● **WHAT THIS TASK INVOLVES**
Faithfully repeat all of the records, as they are written below.

-------- DATA EXCERPTS

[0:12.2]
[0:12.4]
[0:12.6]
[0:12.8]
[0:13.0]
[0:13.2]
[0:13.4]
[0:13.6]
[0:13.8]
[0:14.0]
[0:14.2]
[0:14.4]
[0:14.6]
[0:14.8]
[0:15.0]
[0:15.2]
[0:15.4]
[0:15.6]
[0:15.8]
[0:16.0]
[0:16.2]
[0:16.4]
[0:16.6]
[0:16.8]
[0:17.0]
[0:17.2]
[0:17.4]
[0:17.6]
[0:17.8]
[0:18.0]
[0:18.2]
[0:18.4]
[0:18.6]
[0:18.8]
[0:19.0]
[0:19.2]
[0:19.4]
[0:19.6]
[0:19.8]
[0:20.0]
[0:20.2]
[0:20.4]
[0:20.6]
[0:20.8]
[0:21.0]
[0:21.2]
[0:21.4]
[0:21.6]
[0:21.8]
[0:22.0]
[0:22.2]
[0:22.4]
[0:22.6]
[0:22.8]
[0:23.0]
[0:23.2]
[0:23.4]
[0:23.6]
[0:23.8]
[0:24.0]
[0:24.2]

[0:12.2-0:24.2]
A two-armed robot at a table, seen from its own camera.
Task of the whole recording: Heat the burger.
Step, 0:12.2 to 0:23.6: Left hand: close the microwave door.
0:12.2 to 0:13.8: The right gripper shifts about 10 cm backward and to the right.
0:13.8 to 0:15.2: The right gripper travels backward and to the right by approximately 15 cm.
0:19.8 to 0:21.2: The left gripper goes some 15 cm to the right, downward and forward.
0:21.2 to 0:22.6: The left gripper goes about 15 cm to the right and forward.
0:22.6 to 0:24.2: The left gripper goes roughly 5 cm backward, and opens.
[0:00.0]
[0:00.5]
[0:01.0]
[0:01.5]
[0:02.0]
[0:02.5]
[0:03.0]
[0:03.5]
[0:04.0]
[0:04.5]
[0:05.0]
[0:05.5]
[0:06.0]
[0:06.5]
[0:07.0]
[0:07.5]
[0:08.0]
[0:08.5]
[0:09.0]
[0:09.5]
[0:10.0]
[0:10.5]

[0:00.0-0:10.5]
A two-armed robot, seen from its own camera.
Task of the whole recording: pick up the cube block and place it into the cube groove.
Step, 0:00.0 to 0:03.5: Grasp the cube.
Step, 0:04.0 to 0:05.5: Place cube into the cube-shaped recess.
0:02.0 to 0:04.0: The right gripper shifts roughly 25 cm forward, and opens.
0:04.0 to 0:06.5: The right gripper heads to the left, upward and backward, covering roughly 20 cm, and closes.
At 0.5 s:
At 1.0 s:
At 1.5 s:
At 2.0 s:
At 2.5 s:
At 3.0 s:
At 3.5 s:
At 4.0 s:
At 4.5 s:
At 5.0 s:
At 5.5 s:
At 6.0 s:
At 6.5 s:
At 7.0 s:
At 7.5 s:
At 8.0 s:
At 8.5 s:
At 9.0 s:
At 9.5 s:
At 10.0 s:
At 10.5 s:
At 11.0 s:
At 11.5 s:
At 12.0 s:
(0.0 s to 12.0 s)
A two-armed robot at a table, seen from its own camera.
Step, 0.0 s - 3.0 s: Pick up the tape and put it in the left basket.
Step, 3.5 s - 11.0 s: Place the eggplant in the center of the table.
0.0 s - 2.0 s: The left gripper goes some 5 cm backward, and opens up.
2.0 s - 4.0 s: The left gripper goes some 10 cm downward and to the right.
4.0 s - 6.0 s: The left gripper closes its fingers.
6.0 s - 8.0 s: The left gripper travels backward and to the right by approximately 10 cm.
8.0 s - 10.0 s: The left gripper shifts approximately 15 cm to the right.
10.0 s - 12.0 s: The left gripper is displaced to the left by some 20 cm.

----------------

● **OUTPUT OF THE TASK**
[0:12.2]
[0:12.4]
[0:12.6]
[0:12.8]
[0:13.0]
[0:13.2]
[0:13.4]
[0:13.6]
[0:13.8]
[0:14.0]
[0:14.2]
[0:14.4]
[0:14.6]
[0:14.8]
[0:15.0]
[0:15.2]
[0:15.4]
[0:15.6]
[0:15.8]
[0:16.0]
[0:16.2]
[0:16.4]
[0:16.6]
[0:16.8]
[0:17.0]
[0:17.2]
[0:17.4]
[0:17.6]
[0:17.8]
[0:18.0]
[0:18.2]
[0:18.4]
[0:18.6]
[0:18.8]
[0:19.0]
[0:19.2]
[0:19.4]
[0:19.6]
[0:19.8]
[0:20.0]
[0:20.2]
[0:20.4]
[0:20.6]
[0:20.8]
[0:21.0]
[0:21.2]
[0:21.4]
[0:21.6]
[0:21.8]
[0:22.0]
[0:22.2]
[0:22.4]
[0:22.6]
[0:22.8]
[0:23.0]
[0:23.2]
[0:23.4]
[0:23.6]
[0:23.8]
[0:24.0]
[0:24.2]

[0:12.2-0:24.2]
A two-armed robot at a table, seen from its own camera.
Task of the whole recording: Heat the burger.
Step, 0:12.2 to 0:23.6: Left hand: close the microwave door.
0:12.2 to 0:13.8: The right gripper shifts about 10 cm backward and to the right.
0:13.8 to 0:15.2: The right gripper travels backward and to the right by approximately 15 cm.
0:19.8 to 0:21.2: The left gripper goes some 15 cm to the right, downward and forward.
0:21.2 to 0:22.6: The left gripper goes about 15 cm to the right and forward.
0:22.6 to 0:24.2: The left gripper goes roughly 5 cm backward, and opens.
[0:00.0]
[0:00.5]
[0:01.0]
[0:01.5]
[0:02.0]
[0:02.5]
[0:03.0]
[0:03.5]
[0:04.0]
[0:04.5]
[0:05.0]
[0:05.5]
[0:06.0]
[0:06.5]
[0:07.0]
[0:07.5]
[0:08.0]
[0:08.5]
[0:09.0]
[0:09.5]
[0:10.0]
[0:10.5]

[0:00.0-0:10.5]
A two-armed robot, seen from its own camera.
Task of the whole recording: pick up the cube block and place it into the cube groove.
Step, 0:00.0 to 0:03.5: Grasp the cube.
Step, 0:04.0 to 0:05.5: Place cube into the cube-shaped recess.
0:02.0 to 0:04.0: The right gripper shifts roughly 25 cm forward, and opens.
0:04.0 to 0:06.5: The right gripper heads to the left, upward and backward, covering roughly 20 cm, and closes.
At 0.5 s:
At 1.0 s:
At 1.5 s:
At 2.0 s:
At 2.5 s:
At 3.0 s:
At 3.5 s:
At 4.0 s:
At 4.5 s:
At 5.0 s:
At 5.5 s:
At 6.0 s:
At 6.5 s:
At 7.0 s:
At 7.5 s:
At 8.0 s:
At 8.5 s:
At 9.0 s:
At 9.5 s:
At 10.0 s:
At 10.5 s:
At 11.0 s:
At 11.5 s:
At 12.0 s:
(0.0 s to 12.0 s)
A two-armed robot at a table, seen from its own camera.
Step, 0.0 s - 3.0 s: Pick up the tape and put it in the left basket.
Step, 3.5 s - 11.0 s: Place the eggplant in the center of the table.
0.0 s - 2.0 s: The left gripper goes some 5 cm backward, and opens up.
2.0 s - 4.0 s: The left gripper goes some 10 cm downward and to the right.
4.0 s - 6.0 s: The left gripper closes its fingers.
6.0 s - 8.0 s: The left gripper travels backward and to the right by approximately 10 cm.
8.0 s - 10.0 s: The left gripper shifts approximately 15 cm to the right.
10.0 s - 12.0 s: The left gripper is displaced to the left by some 20 cm.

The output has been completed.